Task details — From the entries below, copy each line in which the word "EvalContext" occurs.

Source data:
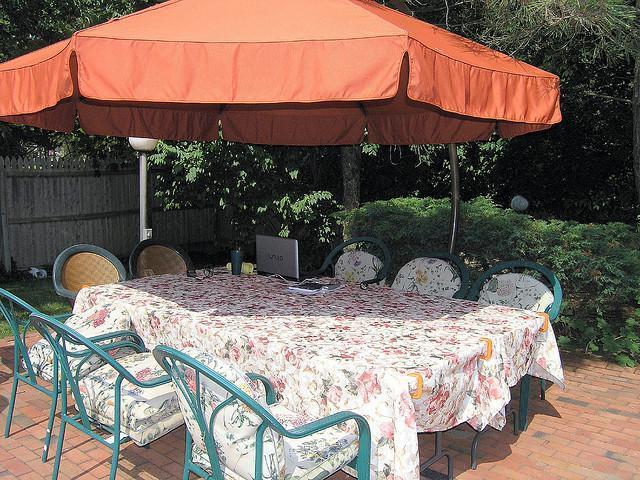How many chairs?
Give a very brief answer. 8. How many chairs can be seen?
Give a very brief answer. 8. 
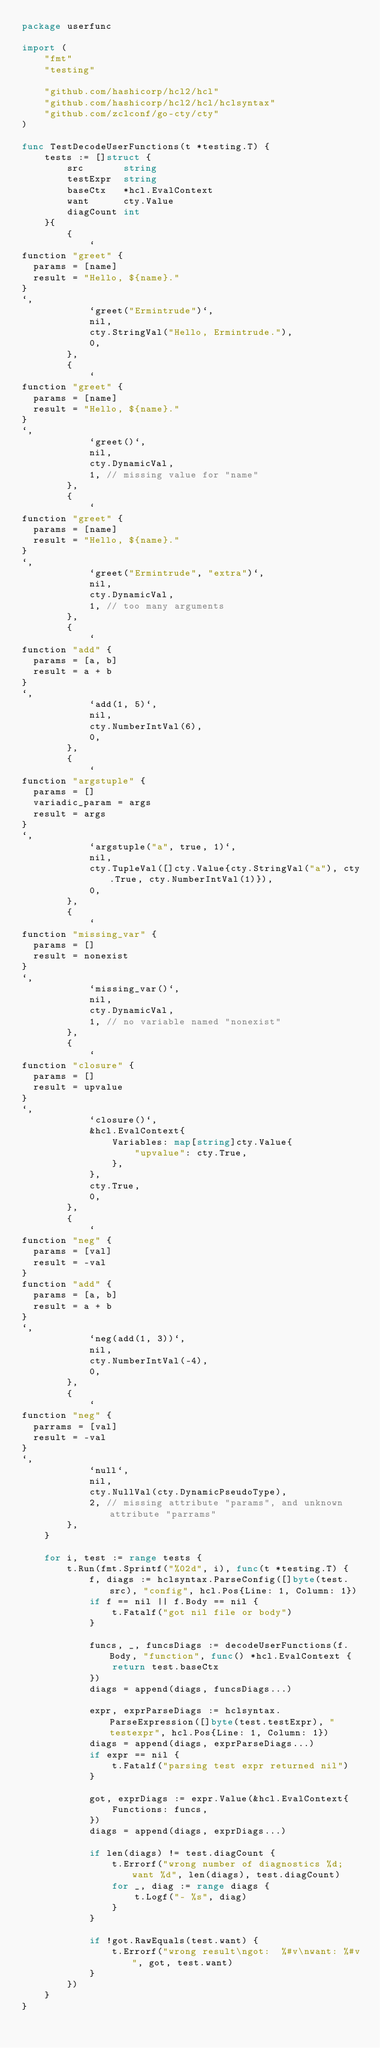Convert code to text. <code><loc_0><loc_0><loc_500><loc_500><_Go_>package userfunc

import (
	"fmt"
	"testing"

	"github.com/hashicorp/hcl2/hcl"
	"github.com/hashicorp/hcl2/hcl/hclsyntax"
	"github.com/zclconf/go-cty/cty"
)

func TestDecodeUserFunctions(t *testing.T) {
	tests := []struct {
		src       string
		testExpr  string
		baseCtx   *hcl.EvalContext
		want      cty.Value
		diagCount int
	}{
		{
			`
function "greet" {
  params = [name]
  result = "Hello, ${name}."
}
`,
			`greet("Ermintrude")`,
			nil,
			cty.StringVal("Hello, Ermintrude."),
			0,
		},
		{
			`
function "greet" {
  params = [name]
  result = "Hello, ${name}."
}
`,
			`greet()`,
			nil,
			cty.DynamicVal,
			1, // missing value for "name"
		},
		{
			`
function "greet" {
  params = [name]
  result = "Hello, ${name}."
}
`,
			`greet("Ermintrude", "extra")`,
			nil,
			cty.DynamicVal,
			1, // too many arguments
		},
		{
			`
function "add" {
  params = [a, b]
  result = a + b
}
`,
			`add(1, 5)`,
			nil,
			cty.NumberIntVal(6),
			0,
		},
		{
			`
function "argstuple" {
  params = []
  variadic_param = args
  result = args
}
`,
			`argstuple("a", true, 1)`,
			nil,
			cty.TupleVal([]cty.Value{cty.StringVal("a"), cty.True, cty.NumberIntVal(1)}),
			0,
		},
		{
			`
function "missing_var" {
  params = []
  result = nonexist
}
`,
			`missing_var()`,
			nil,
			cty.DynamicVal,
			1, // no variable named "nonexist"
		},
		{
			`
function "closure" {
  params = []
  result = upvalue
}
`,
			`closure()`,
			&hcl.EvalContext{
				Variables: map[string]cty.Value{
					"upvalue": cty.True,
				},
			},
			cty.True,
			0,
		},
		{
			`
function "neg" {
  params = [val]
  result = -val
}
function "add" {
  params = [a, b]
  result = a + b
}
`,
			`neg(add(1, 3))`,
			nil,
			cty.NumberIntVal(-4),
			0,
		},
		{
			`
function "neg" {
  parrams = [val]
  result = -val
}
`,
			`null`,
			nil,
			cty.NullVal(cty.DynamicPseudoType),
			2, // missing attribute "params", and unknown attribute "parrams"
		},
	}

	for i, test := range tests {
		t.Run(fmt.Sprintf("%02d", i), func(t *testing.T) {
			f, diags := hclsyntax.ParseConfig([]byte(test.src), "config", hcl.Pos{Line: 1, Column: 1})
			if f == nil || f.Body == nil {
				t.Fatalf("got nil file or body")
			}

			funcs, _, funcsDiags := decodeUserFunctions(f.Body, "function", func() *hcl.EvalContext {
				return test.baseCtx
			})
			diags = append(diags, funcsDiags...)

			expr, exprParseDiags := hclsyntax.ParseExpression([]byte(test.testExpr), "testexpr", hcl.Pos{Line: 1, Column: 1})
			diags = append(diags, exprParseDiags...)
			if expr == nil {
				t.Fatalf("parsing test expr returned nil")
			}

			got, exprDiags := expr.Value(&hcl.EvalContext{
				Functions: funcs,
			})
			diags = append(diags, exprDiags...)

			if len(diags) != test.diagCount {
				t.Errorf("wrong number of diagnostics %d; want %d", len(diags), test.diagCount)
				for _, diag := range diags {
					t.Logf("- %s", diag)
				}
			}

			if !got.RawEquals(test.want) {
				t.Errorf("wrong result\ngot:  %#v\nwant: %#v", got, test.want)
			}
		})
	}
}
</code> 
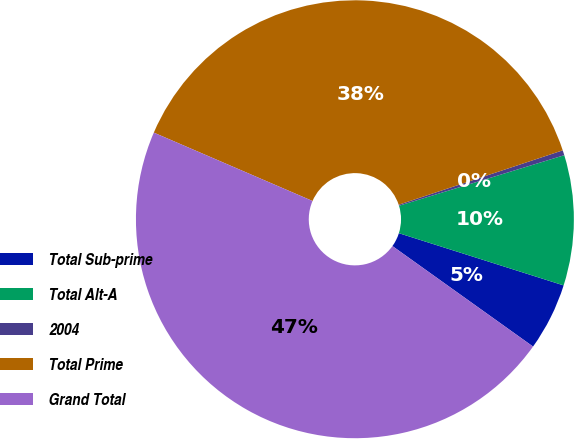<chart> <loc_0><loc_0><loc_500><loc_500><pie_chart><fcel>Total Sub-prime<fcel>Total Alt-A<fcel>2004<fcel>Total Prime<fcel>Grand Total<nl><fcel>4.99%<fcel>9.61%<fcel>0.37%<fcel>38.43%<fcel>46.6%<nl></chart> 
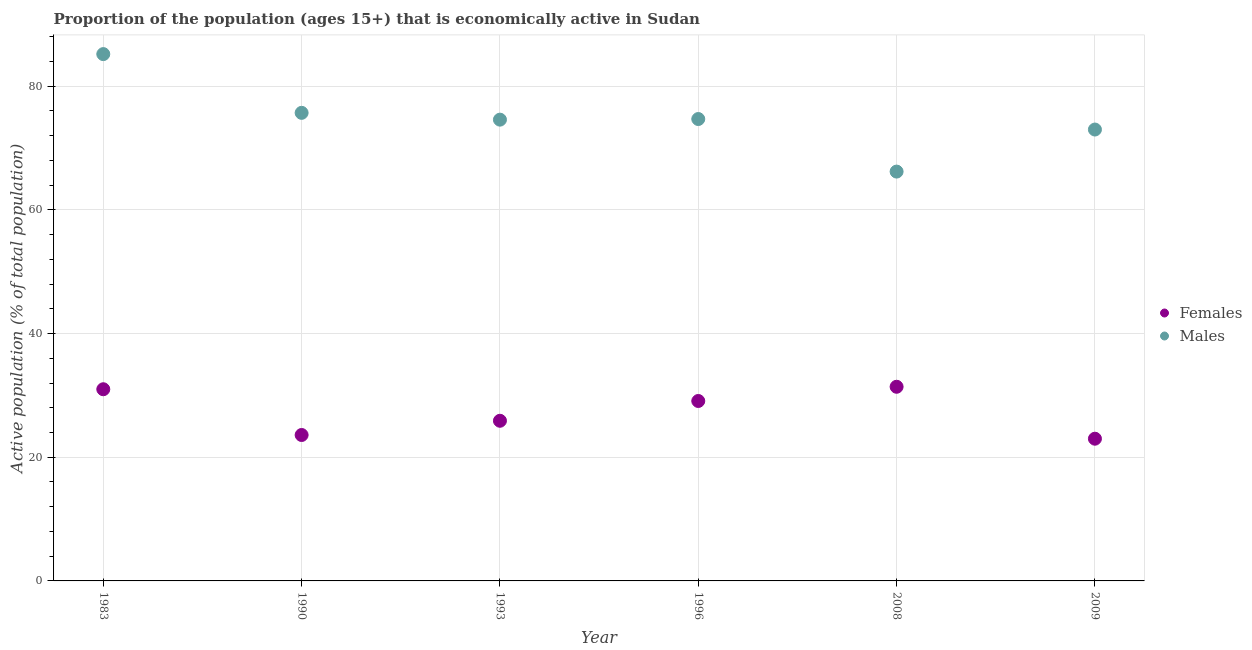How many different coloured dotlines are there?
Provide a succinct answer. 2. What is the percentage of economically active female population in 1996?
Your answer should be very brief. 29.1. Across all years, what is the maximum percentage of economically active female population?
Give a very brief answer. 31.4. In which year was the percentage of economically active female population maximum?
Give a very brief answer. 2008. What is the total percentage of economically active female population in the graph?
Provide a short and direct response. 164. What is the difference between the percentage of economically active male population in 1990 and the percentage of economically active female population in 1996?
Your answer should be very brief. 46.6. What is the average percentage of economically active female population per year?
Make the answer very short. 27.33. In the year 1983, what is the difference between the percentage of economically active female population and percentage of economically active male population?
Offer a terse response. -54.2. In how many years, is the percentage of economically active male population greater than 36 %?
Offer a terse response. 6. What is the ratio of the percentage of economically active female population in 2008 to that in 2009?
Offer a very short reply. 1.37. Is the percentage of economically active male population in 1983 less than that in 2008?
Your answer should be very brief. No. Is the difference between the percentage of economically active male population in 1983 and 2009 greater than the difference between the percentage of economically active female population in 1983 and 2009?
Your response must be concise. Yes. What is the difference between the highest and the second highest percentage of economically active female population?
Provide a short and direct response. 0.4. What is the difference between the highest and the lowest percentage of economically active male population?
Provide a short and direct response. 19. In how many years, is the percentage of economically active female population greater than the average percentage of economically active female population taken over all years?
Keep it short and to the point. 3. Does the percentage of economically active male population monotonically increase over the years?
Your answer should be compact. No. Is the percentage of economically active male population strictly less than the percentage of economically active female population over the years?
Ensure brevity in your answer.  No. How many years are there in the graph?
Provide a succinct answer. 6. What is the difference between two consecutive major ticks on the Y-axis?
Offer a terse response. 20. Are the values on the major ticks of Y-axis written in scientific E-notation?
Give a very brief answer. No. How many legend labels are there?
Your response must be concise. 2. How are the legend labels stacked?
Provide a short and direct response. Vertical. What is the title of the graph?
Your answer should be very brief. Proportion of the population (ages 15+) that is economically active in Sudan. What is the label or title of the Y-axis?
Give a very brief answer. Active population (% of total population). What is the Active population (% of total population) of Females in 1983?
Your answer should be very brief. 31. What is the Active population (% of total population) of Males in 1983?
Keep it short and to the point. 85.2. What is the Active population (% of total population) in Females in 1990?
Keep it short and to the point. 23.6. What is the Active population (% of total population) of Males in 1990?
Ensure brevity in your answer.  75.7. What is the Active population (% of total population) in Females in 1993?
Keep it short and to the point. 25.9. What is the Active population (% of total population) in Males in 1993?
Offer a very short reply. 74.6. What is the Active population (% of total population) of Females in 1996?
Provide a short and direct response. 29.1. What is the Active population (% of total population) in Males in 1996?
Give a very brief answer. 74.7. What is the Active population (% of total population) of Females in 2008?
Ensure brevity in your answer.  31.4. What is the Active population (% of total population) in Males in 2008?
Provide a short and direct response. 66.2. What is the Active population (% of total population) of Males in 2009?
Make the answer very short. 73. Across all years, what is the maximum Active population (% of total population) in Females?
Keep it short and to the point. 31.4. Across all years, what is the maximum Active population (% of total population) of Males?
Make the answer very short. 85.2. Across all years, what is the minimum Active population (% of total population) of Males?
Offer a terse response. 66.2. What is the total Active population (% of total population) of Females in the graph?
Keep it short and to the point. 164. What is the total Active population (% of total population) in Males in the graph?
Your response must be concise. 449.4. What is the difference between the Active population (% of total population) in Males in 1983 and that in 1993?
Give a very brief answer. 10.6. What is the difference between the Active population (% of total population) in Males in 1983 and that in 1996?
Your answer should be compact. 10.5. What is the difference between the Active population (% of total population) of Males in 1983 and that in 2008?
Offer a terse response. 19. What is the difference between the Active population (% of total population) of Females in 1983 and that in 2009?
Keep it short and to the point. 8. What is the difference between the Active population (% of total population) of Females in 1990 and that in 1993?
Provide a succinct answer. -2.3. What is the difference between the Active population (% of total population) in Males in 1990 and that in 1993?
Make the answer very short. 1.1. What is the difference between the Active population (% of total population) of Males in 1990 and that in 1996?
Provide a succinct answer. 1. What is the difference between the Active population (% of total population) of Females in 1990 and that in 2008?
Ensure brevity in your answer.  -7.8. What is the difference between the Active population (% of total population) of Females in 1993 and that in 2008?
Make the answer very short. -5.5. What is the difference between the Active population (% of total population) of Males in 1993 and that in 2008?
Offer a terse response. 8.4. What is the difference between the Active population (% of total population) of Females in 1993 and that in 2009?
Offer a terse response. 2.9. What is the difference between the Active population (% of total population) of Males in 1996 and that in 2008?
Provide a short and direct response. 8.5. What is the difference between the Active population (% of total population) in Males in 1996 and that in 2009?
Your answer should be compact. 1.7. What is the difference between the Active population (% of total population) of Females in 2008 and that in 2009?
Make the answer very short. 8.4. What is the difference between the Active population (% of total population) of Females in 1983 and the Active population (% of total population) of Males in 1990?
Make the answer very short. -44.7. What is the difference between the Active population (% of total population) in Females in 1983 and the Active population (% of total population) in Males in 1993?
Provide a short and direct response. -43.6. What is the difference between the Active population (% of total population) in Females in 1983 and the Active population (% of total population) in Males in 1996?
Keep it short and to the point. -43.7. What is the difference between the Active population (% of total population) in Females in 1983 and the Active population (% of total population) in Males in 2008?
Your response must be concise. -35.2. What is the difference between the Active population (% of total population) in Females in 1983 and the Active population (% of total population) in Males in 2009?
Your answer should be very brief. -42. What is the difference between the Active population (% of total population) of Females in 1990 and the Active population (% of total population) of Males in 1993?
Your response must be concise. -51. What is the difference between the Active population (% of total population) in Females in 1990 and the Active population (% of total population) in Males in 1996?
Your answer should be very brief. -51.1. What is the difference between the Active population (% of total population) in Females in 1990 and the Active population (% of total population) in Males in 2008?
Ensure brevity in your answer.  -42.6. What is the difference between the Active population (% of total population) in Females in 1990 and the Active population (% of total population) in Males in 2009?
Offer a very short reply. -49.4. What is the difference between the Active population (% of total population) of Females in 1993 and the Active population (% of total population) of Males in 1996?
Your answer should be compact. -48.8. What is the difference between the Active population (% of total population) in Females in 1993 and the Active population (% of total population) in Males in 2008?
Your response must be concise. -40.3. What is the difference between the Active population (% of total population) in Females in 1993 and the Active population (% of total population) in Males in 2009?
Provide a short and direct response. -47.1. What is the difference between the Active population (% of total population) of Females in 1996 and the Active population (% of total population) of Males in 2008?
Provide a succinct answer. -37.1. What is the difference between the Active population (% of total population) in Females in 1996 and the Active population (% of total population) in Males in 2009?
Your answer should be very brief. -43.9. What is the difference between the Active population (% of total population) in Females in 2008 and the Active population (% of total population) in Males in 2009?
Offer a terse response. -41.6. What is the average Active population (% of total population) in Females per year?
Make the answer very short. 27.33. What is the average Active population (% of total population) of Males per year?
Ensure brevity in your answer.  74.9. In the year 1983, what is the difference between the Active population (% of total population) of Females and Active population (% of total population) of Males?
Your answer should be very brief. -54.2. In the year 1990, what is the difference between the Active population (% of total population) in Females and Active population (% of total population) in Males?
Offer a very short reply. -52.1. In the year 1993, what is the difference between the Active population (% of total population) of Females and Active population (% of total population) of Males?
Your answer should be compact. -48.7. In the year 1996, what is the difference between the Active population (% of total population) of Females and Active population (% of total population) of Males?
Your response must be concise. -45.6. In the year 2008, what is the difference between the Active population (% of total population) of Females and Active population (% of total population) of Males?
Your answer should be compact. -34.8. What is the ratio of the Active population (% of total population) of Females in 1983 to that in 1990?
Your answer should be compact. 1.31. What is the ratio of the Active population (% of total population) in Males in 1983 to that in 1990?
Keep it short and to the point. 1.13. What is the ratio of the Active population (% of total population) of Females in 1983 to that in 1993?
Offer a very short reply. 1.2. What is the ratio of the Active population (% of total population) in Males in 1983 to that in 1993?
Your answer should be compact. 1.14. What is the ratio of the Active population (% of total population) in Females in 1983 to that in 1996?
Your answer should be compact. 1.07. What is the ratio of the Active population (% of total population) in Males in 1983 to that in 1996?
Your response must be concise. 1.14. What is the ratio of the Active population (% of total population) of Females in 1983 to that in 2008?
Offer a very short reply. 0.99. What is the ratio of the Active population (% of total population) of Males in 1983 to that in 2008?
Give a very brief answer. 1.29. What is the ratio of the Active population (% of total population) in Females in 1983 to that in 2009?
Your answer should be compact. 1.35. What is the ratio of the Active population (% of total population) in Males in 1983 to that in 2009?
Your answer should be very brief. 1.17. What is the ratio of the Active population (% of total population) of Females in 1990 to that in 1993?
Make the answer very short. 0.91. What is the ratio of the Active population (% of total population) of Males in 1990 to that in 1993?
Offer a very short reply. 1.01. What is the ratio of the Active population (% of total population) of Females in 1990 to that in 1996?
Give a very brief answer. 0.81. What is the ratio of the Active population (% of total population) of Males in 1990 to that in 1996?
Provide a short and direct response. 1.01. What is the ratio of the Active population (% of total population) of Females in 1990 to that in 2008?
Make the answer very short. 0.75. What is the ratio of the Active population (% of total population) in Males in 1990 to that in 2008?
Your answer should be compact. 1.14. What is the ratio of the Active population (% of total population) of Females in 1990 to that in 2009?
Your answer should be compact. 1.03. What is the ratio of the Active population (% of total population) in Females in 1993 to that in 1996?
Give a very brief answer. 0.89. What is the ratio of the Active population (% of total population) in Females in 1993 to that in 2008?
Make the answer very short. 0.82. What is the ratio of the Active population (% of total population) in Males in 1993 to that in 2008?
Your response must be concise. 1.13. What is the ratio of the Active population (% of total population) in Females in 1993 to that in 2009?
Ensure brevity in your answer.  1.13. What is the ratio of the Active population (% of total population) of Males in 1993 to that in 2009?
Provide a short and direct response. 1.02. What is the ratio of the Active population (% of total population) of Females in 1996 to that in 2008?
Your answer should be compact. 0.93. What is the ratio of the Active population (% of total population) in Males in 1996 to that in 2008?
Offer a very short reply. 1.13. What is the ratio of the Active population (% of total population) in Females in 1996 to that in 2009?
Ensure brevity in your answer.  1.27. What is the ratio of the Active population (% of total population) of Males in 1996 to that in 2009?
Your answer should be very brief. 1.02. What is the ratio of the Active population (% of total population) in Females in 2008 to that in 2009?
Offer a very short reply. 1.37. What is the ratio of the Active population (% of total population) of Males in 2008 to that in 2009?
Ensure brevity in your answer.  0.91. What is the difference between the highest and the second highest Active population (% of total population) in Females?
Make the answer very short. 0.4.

Solution to the exercise —
		baseCtx   *hcl.EvalContext
			&hcl.EvalContext{
			funcs, _, funcsDiags := decodeUserFunctions(f.Body, "function", func() *hcl.EvalContext {
			got, exprDiags := expr.Value(&hcl.EvalContext{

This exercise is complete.